44 I am unsympathetic to claimant's assertions that he did not intend to settle the OD claims. There is no provision in the General Release reserving those claims. Moreover, claimant clearly could have pursued his OD claim long ago. He mentioned his knee problems when he filed his 1992 back claim. He filed his knee claim in 1993, then he sat on the claim for over five and a half years while he pursued a district court action against the Roushes and collected $328,500 from the Roushes' liability insurer. Then he renewed his OD claim. Whether his failure to pursue his OD claim for five and a half years was a deliberate strategy is unknown. If it was, it has not worked and warrants condemnation. If it was not, then he was remiss in failing to diligently pursue the claim and for executing the General Release without excepting the OD claim.

JUDGMENT

45 The claimant is not entitled to OD benefits. His claim is dismissed with prejudice.

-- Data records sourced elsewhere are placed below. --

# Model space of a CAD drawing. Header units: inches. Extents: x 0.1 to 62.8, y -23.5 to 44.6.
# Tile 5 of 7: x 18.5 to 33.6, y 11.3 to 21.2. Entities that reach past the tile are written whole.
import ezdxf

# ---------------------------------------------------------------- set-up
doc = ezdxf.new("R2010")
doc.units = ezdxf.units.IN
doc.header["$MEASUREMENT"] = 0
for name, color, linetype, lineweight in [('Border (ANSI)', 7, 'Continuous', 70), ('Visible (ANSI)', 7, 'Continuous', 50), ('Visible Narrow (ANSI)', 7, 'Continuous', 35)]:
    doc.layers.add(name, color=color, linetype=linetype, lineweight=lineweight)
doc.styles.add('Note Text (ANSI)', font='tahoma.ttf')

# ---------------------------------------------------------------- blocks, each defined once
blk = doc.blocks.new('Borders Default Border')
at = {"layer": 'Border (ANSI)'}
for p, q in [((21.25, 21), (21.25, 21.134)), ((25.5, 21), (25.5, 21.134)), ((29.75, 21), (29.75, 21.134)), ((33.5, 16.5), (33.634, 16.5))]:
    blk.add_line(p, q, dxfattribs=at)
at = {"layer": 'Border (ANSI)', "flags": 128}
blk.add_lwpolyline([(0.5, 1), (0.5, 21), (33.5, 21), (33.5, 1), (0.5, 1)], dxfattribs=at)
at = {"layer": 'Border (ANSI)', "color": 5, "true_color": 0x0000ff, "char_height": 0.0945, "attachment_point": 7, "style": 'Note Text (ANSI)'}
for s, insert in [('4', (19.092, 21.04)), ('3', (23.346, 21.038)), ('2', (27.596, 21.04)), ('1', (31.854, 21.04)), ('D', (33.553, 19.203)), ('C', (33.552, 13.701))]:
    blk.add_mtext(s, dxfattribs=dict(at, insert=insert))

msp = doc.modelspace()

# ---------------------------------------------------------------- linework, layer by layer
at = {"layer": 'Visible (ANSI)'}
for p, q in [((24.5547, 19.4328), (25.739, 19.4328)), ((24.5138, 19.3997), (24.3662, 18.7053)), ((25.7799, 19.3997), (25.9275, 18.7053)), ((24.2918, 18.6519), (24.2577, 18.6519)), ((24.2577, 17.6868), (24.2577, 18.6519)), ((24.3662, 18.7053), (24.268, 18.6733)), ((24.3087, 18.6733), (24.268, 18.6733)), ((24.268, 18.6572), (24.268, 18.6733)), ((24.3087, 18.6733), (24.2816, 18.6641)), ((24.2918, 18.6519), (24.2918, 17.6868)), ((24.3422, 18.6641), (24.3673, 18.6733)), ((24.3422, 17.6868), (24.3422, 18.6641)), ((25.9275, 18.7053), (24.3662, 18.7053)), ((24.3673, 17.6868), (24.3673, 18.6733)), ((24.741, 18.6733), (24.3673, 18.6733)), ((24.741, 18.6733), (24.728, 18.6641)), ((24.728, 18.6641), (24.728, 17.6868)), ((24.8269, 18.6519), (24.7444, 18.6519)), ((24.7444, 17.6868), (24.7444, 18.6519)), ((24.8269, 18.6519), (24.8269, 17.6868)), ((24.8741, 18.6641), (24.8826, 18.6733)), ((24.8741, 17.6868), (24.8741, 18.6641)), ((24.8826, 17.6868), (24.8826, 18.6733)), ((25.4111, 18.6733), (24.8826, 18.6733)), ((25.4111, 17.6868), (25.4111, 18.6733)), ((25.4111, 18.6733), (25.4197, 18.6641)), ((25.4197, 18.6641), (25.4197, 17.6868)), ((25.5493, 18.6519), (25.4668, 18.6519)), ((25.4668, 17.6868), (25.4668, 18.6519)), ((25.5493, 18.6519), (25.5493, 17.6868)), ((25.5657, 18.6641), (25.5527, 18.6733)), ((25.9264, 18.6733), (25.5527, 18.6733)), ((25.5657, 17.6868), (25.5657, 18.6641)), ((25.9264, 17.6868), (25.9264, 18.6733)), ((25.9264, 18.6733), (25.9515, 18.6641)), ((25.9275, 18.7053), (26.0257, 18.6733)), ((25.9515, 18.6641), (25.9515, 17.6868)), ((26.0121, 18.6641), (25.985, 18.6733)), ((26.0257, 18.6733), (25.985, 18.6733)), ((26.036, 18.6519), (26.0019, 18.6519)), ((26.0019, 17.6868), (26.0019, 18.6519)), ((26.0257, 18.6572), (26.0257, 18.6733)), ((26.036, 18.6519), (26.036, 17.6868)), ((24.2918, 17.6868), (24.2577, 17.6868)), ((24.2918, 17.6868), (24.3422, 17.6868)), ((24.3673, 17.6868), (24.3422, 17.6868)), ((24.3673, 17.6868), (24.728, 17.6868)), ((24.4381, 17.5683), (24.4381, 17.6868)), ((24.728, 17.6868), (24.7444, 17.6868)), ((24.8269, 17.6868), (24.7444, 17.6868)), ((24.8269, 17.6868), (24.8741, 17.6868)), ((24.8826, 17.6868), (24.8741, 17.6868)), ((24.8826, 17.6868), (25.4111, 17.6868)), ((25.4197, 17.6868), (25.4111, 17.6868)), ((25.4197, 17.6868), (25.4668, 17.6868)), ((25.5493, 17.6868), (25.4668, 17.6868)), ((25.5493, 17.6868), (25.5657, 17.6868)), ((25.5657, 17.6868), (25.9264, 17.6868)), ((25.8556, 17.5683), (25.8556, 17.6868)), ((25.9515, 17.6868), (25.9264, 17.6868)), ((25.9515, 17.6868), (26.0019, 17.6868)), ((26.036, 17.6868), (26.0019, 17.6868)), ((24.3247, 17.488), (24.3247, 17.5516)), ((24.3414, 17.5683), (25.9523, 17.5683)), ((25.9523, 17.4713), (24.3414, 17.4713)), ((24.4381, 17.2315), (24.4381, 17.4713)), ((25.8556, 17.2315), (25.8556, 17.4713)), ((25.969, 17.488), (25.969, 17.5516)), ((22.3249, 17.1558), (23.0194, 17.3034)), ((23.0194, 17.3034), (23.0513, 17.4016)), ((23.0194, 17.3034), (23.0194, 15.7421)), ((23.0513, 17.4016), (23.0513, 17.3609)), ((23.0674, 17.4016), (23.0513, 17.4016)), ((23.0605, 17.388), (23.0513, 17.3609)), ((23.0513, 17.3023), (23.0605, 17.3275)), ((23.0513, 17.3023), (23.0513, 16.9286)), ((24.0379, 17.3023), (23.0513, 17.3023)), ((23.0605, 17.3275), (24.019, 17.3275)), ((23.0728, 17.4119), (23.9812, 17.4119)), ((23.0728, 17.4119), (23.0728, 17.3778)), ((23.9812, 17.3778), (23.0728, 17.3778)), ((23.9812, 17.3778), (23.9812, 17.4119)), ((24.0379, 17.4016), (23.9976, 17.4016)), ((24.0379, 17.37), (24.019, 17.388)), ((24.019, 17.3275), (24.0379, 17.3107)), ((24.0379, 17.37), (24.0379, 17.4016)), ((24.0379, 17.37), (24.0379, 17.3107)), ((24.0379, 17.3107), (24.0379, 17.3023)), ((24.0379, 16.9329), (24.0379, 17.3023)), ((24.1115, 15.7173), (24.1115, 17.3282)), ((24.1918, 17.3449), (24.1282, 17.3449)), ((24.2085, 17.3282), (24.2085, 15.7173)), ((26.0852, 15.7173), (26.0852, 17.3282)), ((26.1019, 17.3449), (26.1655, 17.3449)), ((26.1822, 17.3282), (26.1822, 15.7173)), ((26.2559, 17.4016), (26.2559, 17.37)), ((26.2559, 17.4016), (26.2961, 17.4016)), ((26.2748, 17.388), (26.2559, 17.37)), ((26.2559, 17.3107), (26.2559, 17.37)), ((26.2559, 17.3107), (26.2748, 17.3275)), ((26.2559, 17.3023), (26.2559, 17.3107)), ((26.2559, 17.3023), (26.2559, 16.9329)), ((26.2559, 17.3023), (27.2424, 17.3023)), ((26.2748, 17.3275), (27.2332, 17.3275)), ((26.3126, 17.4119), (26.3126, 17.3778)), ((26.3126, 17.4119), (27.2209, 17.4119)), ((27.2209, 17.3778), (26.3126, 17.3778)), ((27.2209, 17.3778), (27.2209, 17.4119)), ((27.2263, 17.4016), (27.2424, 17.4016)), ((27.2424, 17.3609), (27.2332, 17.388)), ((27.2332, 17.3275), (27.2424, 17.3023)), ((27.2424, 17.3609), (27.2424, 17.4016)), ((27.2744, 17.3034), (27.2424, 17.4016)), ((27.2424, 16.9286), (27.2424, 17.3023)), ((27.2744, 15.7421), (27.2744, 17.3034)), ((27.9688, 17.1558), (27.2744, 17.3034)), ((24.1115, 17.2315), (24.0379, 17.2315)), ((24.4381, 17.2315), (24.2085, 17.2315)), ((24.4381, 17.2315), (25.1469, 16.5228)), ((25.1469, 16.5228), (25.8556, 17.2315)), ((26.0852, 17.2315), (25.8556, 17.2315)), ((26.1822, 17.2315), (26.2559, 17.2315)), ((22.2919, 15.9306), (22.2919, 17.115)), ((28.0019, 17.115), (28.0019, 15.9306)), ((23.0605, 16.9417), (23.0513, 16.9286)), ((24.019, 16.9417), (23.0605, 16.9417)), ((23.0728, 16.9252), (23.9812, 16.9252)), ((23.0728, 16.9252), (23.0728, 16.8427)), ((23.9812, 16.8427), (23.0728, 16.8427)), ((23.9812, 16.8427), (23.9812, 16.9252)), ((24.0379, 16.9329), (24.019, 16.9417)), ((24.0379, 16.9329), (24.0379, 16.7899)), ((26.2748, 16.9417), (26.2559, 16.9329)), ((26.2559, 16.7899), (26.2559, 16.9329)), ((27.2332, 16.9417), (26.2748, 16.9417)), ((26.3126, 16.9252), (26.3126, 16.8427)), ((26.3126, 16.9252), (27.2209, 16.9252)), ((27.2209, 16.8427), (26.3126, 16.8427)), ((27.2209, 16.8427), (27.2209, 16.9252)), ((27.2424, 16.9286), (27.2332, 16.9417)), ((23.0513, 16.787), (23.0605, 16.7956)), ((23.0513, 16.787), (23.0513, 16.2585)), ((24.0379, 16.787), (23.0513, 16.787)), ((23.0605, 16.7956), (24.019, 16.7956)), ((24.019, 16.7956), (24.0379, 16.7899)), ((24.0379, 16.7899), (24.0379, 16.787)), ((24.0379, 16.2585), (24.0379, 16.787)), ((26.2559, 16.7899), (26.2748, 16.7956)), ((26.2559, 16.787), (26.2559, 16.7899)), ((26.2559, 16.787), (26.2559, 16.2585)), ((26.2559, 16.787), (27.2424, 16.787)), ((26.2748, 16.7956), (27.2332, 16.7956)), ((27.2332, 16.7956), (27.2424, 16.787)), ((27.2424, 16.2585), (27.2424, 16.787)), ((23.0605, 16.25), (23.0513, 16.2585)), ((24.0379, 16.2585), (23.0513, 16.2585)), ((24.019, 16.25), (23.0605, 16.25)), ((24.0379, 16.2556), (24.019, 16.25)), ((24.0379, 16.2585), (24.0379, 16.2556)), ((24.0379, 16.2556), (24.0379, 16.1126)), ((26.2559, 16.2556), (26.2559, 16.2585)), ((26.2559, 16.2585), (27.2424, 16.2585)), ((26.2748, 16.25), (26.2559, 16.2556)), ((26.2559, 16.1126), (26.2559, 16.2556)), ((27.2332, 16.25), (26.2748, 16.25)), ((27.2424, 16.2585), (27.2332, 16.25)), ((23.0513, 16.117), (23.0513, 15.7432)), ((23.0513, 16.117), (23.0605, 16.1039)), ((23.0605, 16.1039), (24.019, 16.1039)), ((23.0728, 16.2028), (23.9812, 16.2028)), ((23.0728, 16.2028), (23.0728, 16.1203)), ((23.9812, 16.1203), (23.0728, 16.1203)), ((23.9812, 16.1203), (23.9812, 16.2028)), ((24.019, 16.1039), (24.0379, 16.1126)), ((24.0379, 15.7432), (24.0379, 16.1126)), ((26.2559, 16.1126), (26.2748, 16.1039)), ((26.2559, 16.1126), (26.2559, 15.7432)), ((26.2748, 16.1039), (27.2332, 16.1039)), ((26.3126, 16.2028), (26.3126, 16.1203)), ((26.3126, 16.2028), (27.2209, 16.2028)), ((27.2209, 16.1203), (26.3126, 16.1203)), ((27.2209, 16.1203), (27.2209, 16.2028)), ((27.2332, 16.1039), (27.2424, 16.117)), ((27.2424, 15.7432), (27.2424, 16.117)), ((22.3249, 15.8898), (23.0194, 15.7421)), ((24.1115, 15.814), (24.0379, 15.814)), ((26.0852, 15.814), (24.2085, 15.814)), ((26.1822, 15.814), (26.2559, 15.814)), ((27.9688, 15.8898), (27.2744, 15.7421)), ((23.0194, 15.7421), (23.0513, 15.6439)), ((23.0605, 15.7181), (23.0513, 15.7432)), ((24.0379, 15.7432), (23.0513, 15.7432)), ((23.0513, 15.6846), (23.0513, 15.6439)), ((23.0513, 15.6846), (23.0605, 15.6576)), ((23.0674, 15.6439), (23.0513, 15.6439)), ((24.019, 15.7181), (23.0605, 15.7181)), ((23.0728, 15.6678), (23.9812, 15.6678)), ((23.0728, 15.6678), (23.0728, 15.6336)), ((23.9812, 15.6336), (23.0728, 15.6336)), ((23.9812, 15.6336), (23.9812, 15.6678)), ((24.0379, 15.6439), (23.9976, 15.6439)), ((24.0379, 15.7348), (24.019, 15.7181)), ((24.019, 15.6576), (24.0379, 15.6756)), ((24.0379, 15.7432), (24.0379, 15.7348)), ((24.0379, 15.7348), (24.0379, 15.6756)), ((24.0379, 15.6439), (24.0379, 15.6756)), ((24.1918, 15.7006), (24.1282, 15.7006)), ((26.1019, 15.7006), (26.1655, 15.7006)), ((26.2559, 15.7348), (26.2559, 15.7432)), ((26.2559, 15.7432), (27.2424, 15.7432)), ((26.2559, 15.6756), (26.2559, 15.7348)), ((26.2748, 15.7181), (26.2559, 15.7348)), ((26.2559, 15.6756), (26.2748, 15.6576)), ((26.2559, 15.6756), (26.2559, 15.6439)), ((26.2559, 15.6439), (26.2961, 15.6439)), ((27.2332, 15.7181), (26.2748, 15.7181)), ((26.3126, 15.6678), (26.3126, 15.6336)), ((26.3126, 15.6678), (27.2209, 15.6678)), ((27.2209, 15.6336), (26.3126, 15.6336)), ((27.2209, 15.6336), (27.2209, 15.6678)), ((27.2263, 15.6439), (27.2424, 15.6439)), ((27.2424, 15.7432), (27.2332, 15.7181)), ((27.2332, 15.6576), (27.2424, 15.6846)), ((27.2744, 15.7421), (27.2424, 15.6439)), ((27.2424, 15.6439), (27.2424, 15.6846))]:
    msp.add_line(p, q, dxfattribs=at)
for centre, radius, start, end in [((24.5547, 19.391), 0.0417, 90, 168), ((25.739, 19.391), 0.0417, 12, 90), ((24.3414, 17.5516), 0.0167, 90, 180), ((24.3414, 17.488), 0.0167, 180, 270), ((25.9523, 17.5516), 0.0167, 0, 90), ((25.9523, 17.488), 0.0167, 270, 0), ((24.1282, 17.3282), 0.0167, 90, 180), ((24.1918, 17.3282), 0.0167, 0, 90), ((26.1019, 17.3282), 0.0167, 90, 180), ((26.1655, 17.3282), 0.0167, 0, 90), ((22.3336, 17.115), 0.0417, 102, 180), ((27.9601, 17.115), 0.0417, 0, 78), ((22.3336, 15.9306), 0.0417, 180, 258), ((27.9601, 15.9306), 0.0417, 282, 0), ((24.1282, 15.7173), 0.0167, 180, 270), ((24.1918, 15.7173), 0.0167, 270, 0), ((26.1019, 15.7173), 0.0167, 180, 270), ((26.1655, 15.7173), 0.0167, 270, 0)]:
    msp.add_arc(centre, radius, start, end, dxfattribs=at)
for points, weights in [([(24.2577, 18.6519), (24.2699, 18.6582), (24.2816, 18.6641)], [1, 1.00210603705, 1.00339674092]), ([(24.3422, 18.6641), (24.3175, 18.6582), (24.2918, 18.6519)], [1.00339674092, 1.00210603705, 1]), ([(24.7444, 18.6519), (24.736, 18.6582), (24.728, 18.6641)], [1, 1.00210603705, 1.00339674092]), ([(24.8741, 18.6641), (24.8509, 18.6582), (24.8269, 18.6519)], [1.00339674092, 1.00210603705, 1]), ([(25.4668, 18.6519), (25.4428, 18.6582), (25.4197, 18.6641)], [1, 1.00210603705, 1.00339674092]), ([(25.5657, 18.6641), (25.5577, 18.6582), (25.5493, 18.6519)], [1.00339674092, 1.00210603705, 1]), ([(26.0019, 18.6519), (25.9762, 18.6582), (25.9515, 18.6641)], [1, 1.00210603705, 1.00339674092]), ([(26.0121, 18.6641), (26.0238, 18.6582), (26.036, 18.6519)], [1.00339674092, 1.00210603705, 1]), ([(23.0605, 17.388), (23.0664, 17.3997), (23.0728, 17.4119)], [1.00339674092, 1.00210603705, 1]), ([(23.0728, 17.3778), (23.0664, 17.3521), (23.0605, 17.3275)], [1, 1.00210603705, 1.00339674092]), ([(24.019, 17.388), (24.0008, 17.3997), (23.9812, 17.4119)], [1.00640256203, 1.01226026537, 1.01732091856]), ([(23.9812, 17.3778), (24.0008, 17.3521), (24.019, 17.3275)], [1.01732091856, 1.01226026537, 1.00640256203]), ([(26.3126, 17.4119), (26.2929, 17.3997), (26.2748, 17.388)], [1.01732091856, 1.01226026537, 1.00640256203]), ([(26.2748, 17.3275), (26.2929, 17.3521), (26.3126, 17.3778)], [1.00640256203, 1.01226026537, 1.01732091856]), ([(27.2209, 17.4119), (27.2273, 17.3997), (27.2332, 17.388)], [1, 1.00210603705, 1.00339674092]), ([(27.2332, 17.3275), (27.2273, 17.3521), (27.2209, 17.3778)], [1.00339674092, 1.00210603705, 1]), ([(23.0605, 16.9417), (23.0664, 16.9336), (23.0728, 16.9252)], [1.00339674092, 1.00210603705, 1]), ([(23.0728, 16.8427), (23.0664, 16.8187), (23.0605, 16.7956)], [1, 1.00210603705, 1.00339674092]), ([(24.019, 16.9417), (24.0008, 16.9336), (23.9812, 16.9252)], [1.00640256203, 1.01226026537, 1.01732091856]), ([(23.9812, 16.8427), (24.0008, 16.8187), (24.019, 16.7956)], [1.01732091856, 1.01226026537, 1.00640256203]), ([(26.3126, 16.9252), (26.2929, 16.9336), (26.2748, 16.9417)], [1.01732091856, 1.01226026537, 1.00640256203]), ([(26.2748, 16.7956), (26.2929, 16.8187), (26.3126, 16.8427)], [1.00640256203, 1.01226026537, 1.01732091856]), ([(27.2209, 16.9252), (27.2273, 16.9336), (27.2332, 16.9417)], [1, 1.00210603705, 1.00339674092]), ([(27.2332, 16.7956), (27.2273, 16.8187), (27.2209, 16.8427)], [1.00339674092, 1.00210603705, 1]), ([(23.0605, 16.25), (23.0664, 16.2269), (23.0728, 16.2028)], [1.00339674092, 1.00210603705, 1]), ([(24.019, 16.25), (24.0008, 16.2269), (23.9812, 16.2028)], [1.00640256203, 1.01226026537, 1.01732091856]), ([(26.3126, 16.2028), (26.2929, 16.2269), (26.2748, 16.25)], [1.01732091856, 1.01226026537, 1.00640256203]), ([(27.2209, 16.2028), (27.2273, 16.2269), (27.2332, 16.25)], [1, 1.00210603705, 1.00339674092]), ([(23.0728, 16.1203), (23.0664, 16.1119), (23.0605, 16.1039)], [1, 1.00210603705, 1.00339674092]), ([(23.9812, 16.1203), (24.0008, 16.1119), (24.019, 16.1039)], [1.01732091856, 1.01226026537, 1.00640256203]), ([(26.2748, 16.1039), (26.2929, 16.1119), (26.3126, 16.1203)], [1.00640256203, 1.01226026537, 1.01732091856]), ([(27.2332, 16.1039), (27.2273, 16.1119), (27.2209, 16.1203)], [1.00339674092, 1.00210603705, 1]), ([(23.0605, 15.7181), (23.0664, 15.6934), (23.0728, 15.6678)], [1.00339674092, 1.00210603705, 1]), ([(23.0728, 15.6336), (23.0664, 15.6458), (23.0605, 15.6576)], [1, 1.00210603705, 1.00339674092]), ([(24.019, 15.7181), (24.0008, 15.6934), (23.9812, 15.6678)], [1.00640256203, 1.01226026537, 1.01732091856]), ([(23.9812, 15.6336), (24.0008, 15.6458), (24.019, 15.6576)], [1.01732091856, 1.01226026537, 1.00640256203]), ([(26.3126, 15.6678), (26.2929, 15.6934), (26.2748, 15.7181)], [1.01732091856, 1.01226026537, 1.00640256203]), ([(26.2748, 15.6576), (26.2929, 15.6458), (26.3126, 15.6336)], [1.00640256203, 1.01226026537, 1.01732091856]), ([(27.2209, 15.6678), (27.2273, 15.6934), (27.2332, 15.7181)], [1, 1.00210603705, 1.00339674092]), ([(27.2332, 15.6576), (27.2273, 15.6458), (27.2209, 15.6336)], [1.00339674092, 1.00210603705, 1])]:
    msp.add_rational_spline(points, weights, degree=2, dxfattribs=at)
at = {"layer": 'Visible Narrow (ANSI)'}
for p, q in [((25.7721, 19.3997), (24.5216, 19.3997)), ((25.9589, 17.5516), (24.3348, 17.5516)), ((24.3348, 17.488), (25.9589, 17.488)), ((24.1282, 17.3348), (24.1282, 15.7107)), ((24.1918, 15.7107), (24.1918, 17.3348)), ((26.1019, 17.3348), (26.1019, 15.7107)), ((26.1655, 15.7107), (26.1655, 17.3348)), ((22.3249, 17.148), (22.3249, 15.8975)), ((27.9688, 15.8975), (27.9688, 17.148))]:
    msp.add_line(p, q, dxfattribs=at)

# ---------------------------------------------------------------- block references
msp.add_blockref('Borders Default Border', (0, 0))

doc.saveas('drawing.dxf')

46 The claimant is not entitled to costs or attorney's fees.

47 This JUDGMENT is certified as final for purposes of appeal.

48 Any party to this dispute may have 20 days in which to request a rehearing from these Findings of Fact, Conclusions of Law and Judgment.

DATED in Helena, Montana, this 28th day of August, 2002.

(SEAL)

\s\ Mike McCarter
JUDGE

c: Mr. Tom L. Lewis
Mr. Mark Cadwallader
Submitted: May 20, 2002

1. Roush did business as Swtichback Ranch.

2. That stipulation is inconsistent with claimant's present contention that the UEF is barred from raising defenses to his claim because it failed to appeal the Department's February 1, 1999 Order. The stipulation expressly requested the Court to consider a defense.

3. When beginning work on this decision it occurred to me that one possible outcome was a determination that the UEF is liable for benefits and could seek statutory reimbursement from the employer despite the General Release. In light of that possibility I had the Court's hearing examiner contact counsel to query whether the employer should be joined as a party since it could potentially relitigate the issue if not a party in this case, thus creating the potential for conflicting decisions. Claimant's counsel objected to joinder. In light of my ultimate resolution of the issues, joinder is moot in any event.

4. Current law permits recovery without restriction on amount. 39-71-504(1)(b), MCA (2001).